First of all, if you’re reading this because you thought it said the Revenant I would just like to inform you this is not a review of the movie Leonardo DiCaprio won an Oscar with. This is a review of the book The Remnant by Clare McIvor. I can’t speak for the film considering I’ve never seen it, so let me talk about this book of a similar title.
The Remnant is a Christian, dystopian-esque novel that follows the outlawed, underground church that calls themselves the Remnant. Most of the band of believers hide secretly under Shakespeare House where they train seers and prophets, but some of them risk their lives above ground as they convert people to their cause. Our story focuses on Hunter Rhodes, the only son of the Remnant leader, and his group of fellow Christians as they fight for the survival of the gospel.

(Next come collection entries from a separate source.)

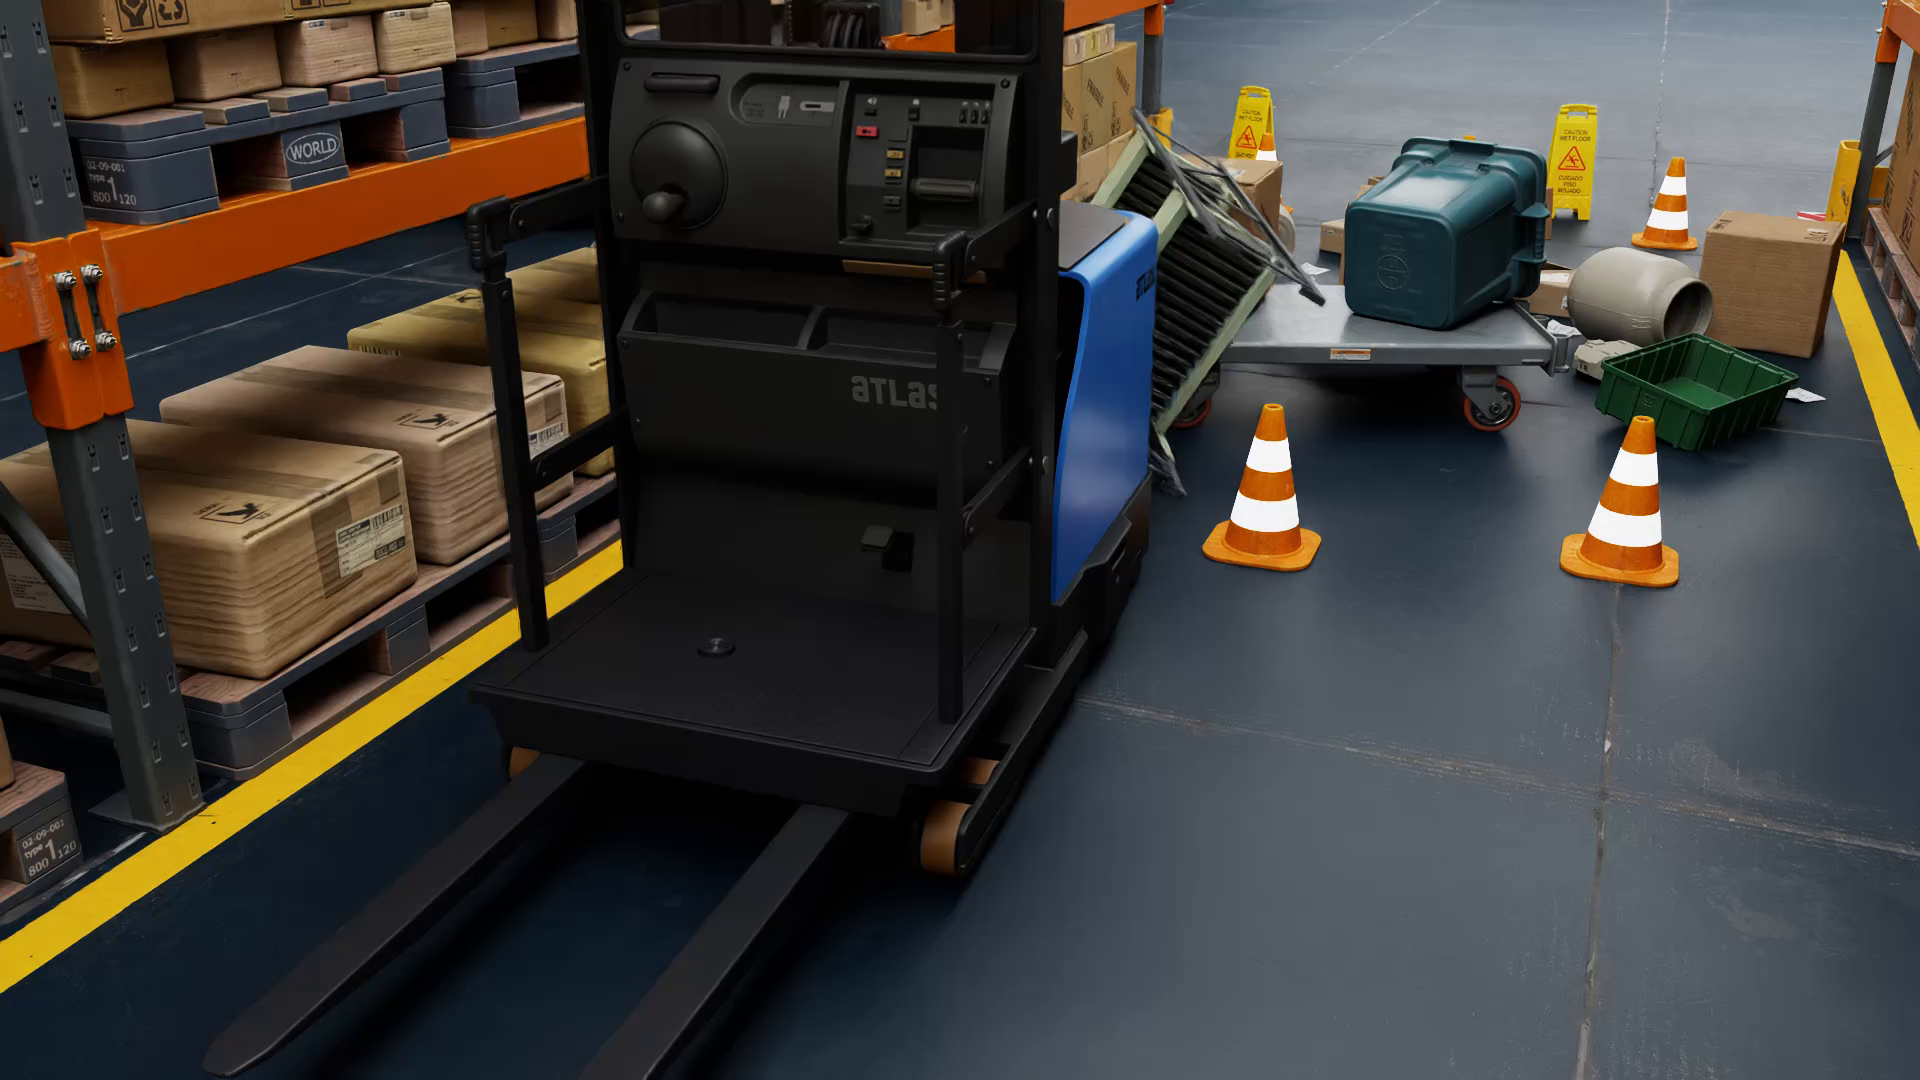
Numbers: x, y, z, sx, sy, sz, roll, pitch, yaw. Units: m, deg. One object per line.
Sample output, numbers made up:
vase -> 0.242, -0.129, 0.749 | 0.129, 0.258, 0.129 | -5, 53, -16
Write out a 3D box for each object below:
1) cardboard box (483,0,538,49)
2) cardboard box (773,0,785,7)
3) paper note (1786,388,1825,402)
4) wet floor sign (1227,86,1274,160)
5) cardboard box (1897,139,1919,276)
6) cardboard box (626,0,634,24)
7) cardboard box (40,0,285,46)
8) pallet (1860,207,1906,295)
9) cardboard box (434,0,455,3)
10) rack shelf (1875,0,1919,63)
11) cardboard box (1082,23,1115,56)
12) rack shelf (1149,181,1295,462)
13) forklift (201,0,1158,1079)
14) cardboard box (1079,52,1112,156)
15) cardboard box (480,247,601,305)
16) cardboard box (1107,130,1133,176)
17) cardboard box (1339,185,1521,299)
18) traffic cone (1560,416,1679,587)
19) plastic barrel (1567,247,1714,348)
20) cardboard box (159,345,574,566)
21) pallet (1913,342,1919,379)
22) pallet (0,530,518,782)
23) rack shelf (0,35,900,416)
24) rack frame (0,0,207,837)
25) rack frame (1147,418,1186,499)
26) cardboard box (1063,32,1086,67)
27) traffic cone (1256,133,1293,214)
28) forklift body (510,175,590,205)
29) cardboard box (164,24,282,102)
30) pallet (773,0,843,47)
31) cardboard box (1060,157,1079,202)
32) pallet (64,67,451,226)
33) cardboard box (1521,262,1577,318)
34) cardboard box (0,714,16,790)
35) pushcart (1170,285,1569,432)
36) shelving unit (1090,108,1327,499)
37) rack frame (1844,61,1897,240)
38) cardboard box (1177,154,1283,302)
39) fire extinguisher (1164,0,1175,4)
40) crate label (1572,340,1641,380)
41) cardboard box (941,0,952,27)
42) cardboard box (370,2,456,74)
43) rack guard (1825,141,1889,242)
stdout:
cardboard box -> -1.421, -1.477, 4.675 | 0.380, 0.149, 0.250 | 10, 25, 22
cardboard box -> -0.828, -1.918, 5.732 | 0.380, 0.149, 0.250 | 8, 24, 19
paper note -> 3.326, -0.581, 6.601 | 0.147, 0.020, 0.142 | -7, 24, -17
wet floor sign -> 1.833, -2.513, 10.430 | 0.267, 0.644, 0.232 | 19, 29, 38
cardboard box -> 4.887, -1.658, 7.540 | 0.875, 0.875, 0.875 | 8, 24, 19
cardboard box -> -1.237, -1.665, 5.125 | 0.380, 0.149, 0.250 | 8, 24, 18
cardboard box -> -1.820, -1.327, 3.475 | 0.500, 0.500, 0.500 | 8, 24, 19
pallet -> 5.178, -1.428, 8.395 | 1.003, 0.211, 1.213 | 9, 24, 20
cardboard box -> -1.442, -1.706, 4.381 | 0.500, 0.500, 0.500 | 9, 24, 21
rack shelf -> 4.660, -1.965, 6.995 | 1.077, 0.370, 4.000 | 9, 24, 20
cardboard box -> 0.640, -2.790, 9.246 | 0.380, 0.149, 0.250 | 10, 24, 22
rack shelf -> 0.689, -0.703, 5.371 | 0.431, 0.720, 0.370 | 27, 23, -17
forklift -> -0.398, -0.811, 3.390 | 1.130, 2.935, 3.031 | 8, 24, 18
cardboard box -> 0.523, -2.445, 9.260 | 0.500, 0.500, 0.500 | 10, 25, 22
cardboard box -> -1.173, -0.789, 6.111 | 0.950, 0.372, 0.625 | 10, 25, 23
cardboard box -> 0.710, -2.273, 9.824 | 0.500, 0.250, 0.500 | 9, 24, 20
cardboard box -> 2.128, -1.269, 7.458 | 0.797, 0.637, 0.503 | 9, 24, 20
traffic cone -> 2.017, -0.147, 5.001 | 0.336, 0.463, 0.334 | 9, 24, 20
plastic barrel -> 2.914, -1.018, 7.137 | 0.421, 0.421, 0.512 | -12, 25, -26
cardboard box -> -1.716, -0.269, 4.867 | 0.950, 0.372, 0.625 | 8, 24, 19
pallet -> 4.272, -0.555, 6.305 | 1.003, 0.211, 1.213 | 9, 24, 20
pallet -> -1.911, 0.185, 4.533 | 1.003, 0.211, 1.213 | 9, 24, 20
rack shelf -> -1.459, -1.206, 5.178 | 1.077, 0.370, 4.000 | 9, 24, 20
rack frame -> -2.202, -0.822, 3.326 | 1.000, 3.000, 0.127 | 9, 24, 20
rack frame -> 0.477, -0.576, 5.794 | 0.400, 0.023, 1.500 | 27, 23, -17
cardboard box -> 0.444, -2.607, 8.807 | 0.380, 0.149, 0.250 | 10, 25, 22
traffic cone -> 1.807, -2.176, 9.858 | 0.336, 0.463, 0.334 | 9, 24, 20
forklift body -> -2.851, -3.063, 9.792 | 2.313, 2.155, 1.214 | 9, 24, 20
cardboard box -> -1.773, -1.086, 3.739 | 0.380, 0.149, 0.250 | 7, 24, 17
pallet -> -1.135, -1.912, 6.185 | 1.003, 0.211, 1.213 | 9, 24, 20
cardboard box -> 0.330, -1.910, 8.953 | 0.500, 0.250, 0.500 | 8, 24, 18
pallet -> -2.036, -1.004, 4.010 | 1.213, 0.211, 1.003 | 9, 24, 20
cardboard box -> 2.845, -1.198, 7.774 | 0.396, 0.266, 0.258 | 13, 26, 29
cardboard box -> -2.536, 0.200, 3.091 | 0.875, 0.875, 0.875 | 9, 24, 20
pushcart -> 1.419, -0.735, 6.520 | 1.648, 0.377, 0.936 | 1, 23, 2
shelving unit -> 0.667, -0.858, 5.657 | 0.431, 0.755, 1.500 | 27, 23, -17
rack frame -> 5.403, -3.012, 8.570 | 1.000, 3.000, 0.127 | 9, 24, 20
cardboard box -> 0.947, -1.205, 6.504 | 0.500, 0.500, 0.500 | 9, 24, 20
fire extinguisher -> 1.240, -3.624, 10.135 | 0.296, 0.674, 0.183 | 9, 24, 20
crate label -> 2.678, -0.729, 6.817 | 0.298, 0.136, 0.250 | -7, 24, -17
cardboard box -> -0.256, -2.302, 7.196 | 0.380, 0.149, 0.250 | 10, 24, 22
cardboard box -> -1.507, -1.273, 4.186 | 0.380, 0.149, 0.250 | 9, 24, 20
rack guard -> 5.412, -1.867, 9.072 | 1.175, 0.500, 0.348 | 9, 24, 20
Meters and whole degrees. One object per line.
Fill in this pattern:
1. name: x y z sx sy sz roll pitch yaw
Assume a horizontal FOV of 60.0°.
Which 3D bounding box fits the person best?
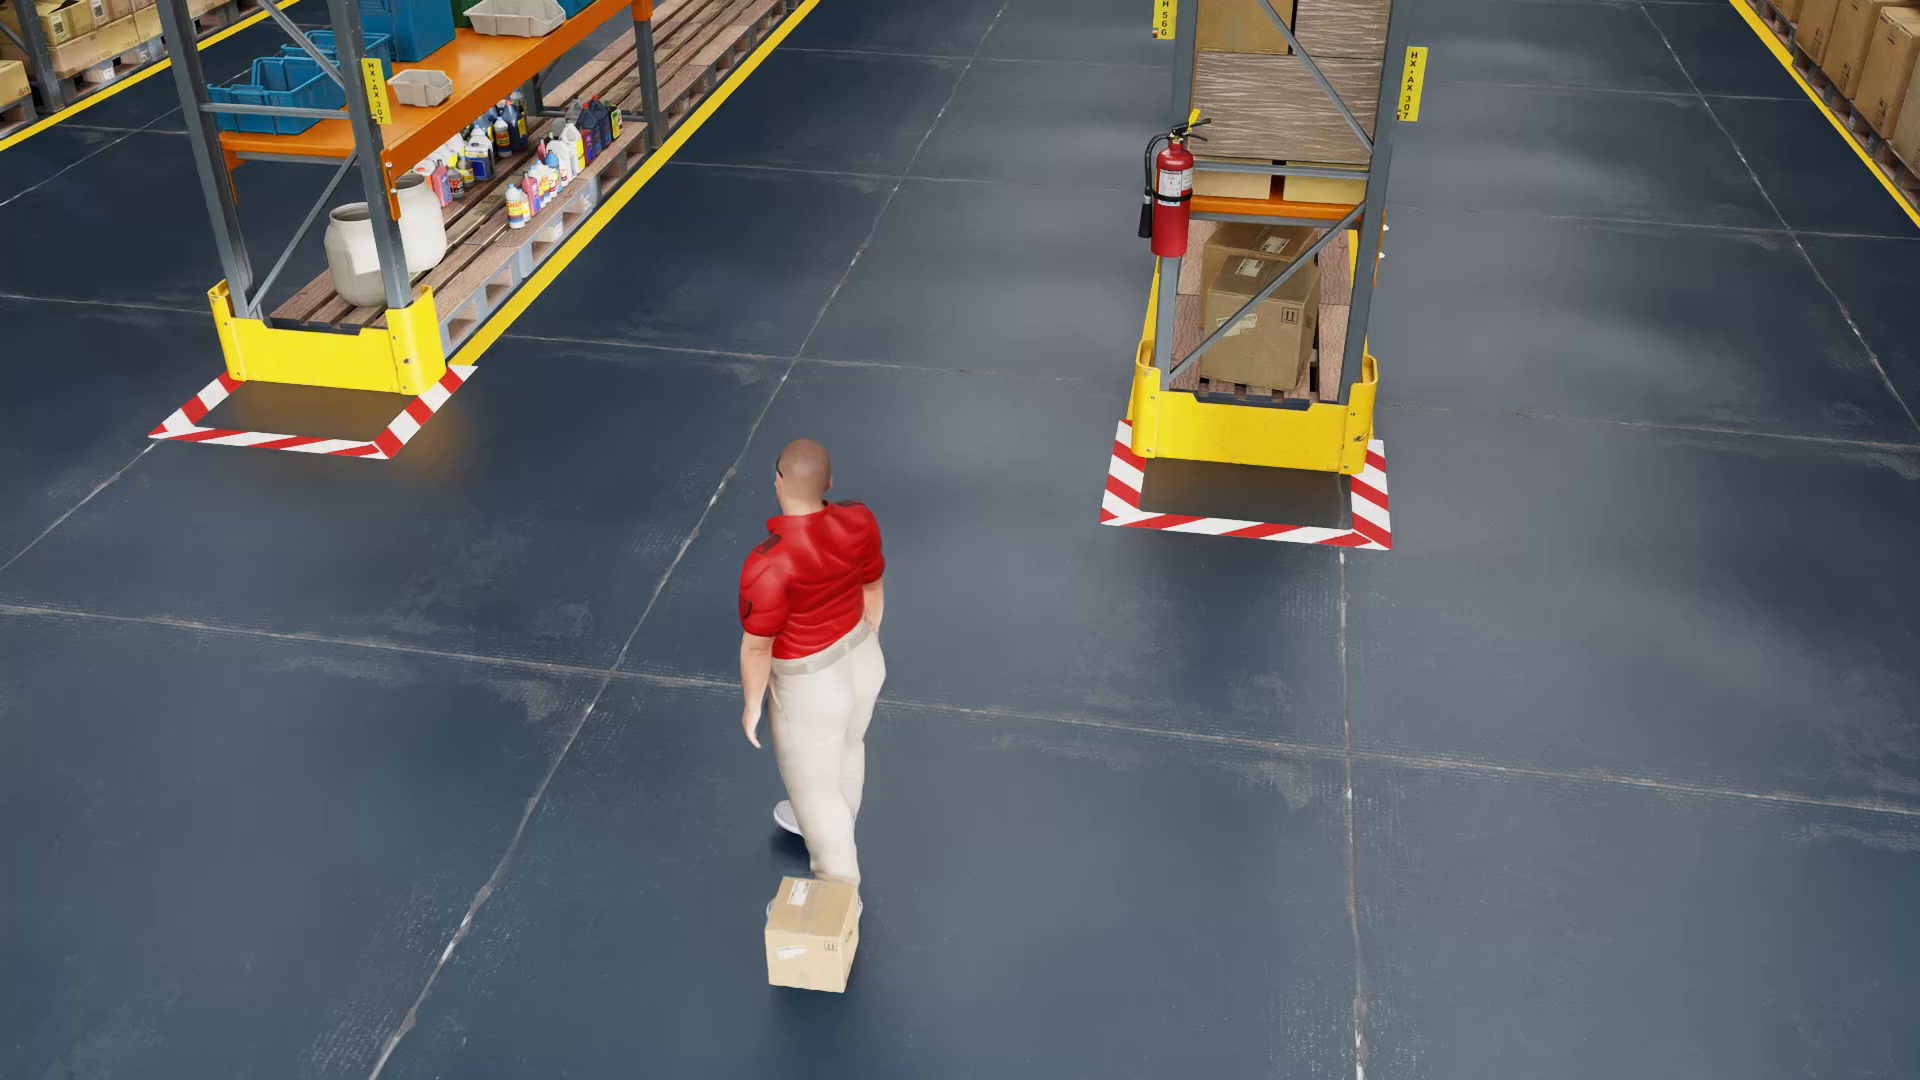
1. person: -0.498 0.424 5.436 0.575 1.725 0.623 22 38 31
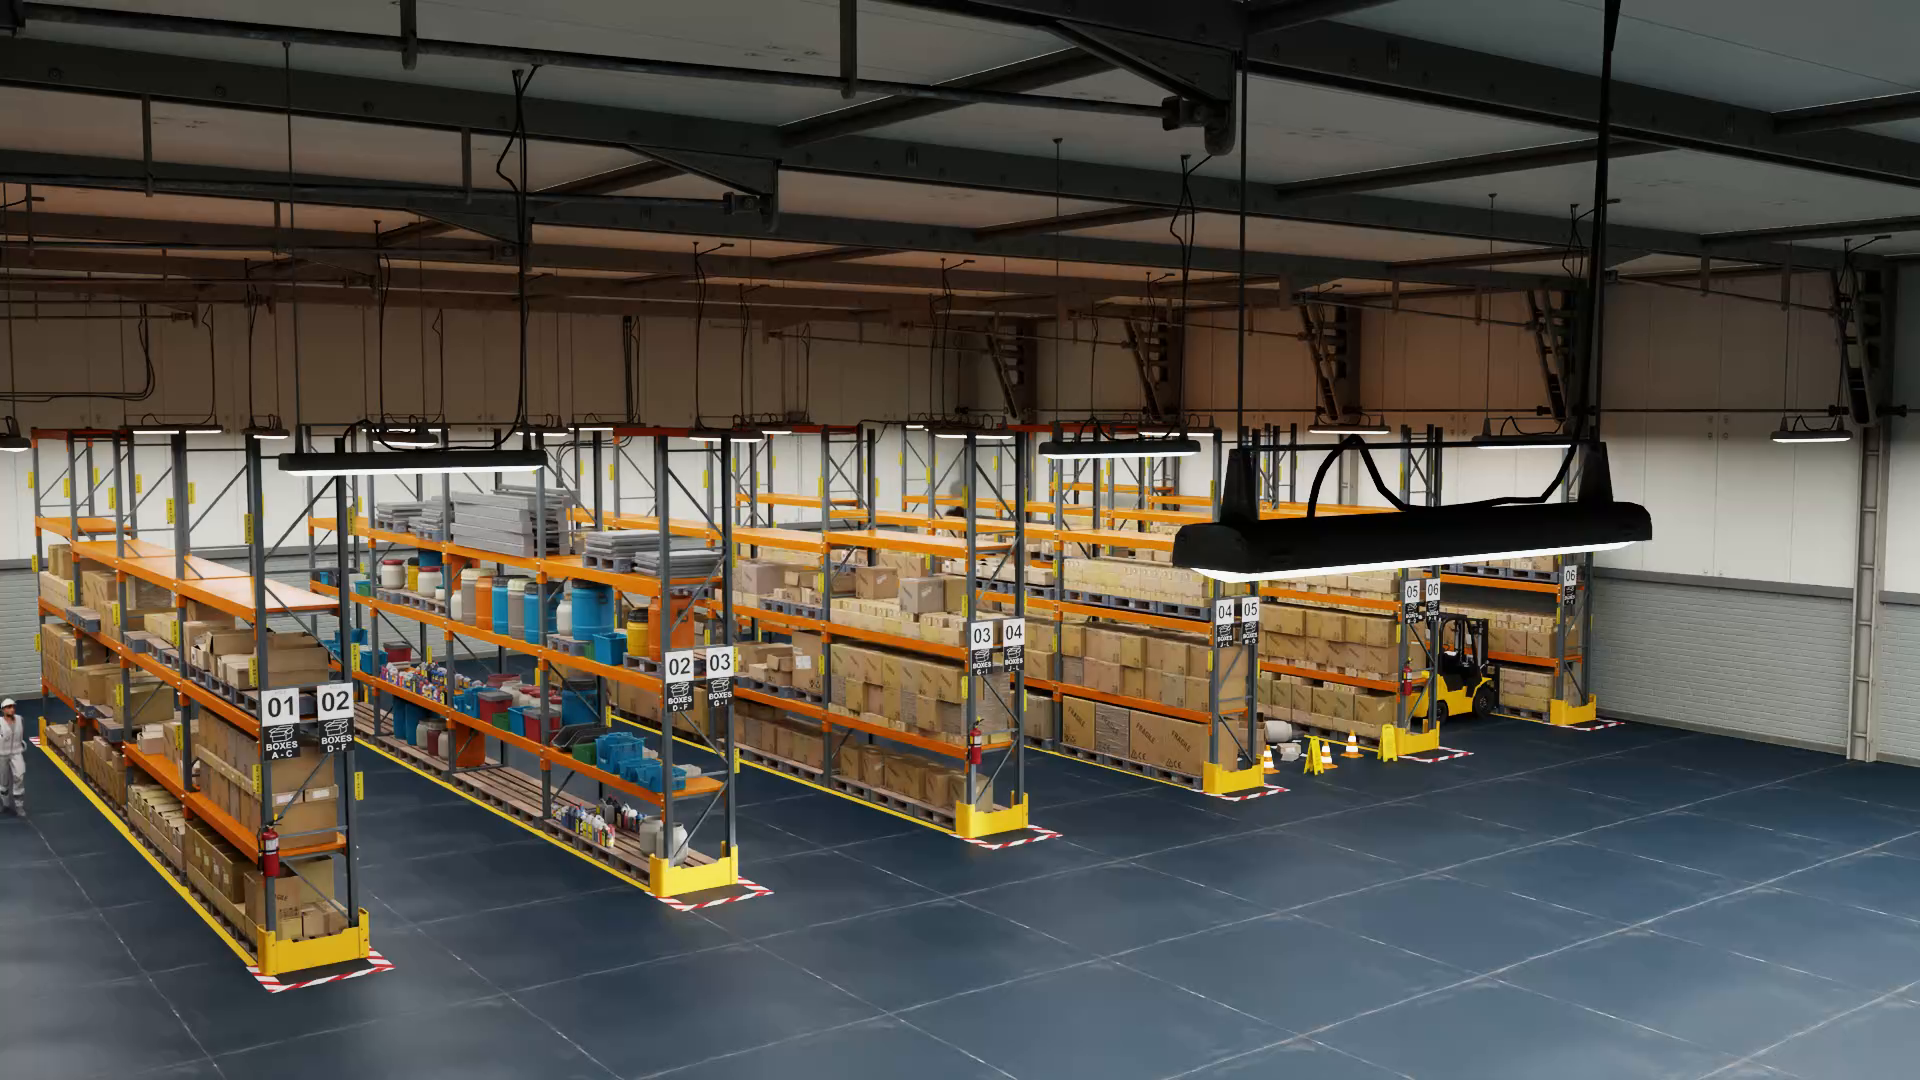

Remnant is an action packed tale of the church, persecution, the spiritual realm, and how believers can stand up and fight in the midst of it all.
The most interesting thing about this novel that really sets it apart is the unique perspective. Although Hunter is the main character, he is not the narrator. An angel is. Because of this, the reader is given insight into things that the characters themselves are not always aware of. Spiritual warfare is one of the main themes in this book, and with the help of the angel as narrator, we can see how supernatural forces shape the events that occur. Demons threaten to thwart plans, angels come to the rescue, and there are battles unseen by the Remnant. The whole dynamic changes when you’re aware of these beings and the effect they have.
One of the most prominent supernatural beings is called the Muse. He was, to me, the most fascinating thing about the story. He’s a demon that whispers to Lady Babylonia, who fancies herself a psychic. With the help of the Muse, she is able to tell the future to her clients. This demon uses and manipulates everyone around him, and his presence in the story gives it a darker edge, which I personally love.
There’s some politics involved that remind me a lot of The Hunger Games. (Which doesn’t really say much. All books in this genre sound like THG to me.) But there are striking similarities in how the Presidents in each book respond to perceived threats. Saul Raymond, one of the 4 presidents of the world, operates on publicity and fame. He uses his daughter as an icon to sway crowds, as well as manipulates her love life to meet his own agenda. That plot point mirrors well with Katniss and Peeta in THG. However, Saul isn’t really in charge, and we get to see that his crutch is his devotion to Lady Babylonia and her Muse.
Then there’s Hunter and the Remnant. I really liked Hunter as a protagonist because while he’s the son of the leader of the Remnant, he has doubts. It’s made very clear he sees himself as an outcast, even among friends. He likes it, in a messed up way, which I think a lot of people can relate to. I know I did. He enjoys being in rebellion, even though its not what God wants. He struggles with his faith, with his anger issues, and with his need to be different. He doesn’t think of himself as the hero, which is why God chooses him to be one, despite his obvious dark side.
Hunter isn’t the only one who has faults either. In fact, the entire Remnant seems to be a flawed rebellion. While Christ has called them to share the gospel and be brave, they have spent years hiding away underground thinking only of their own self preservation. This is pointed out when one character remarks, “The Remnant have been too scared of their own mortality and reputation to share their eternal truth with a world that desperately needs them to.” I love that McIvor wasn’t afraid to go there in her writing. To openly acknowledge the flaws in this church is bold and yet necessary. Because Christ followers aren’t perfect. I think a lot of Christian novels make believers out to be these Always Faithful, Always Loving type people and completely miss the fact that we are sinners (present tense.) saved by grace. Remnant, on the other hand, stays true to that idea.
As a whole, I enjoyed the book. It’s not my normal cup of tea, but I really liked the concept of spiritual warfare in it and couldn’t pass up the opportunity to read and review this book. It had it’s flaws; sometimes cheesy dialogue and a few typos; but its significantly better than almost all the Christian books out today. Clare McIvor embraces the reality of spiritual warfare, which can be really taboo in some churches. Personally, I don’t think enough people are aware (or even believe in) spiritual beings that have such a major effect on our world. McIvor takes a dystopian world and brings it to hit home. There are so many takeaways in that novel, but if I had to isolate one overarching theme, it would be perseverance of the saints. No matter what you’re going through, you have more resources than you know of. Your prayers are heard and they do make a difference, even if you can’t see it.
I think Hunter Rhodes sums it up best himself. “Sometimes faith is a feeling, but the rest of the time it’s something you choose to do.”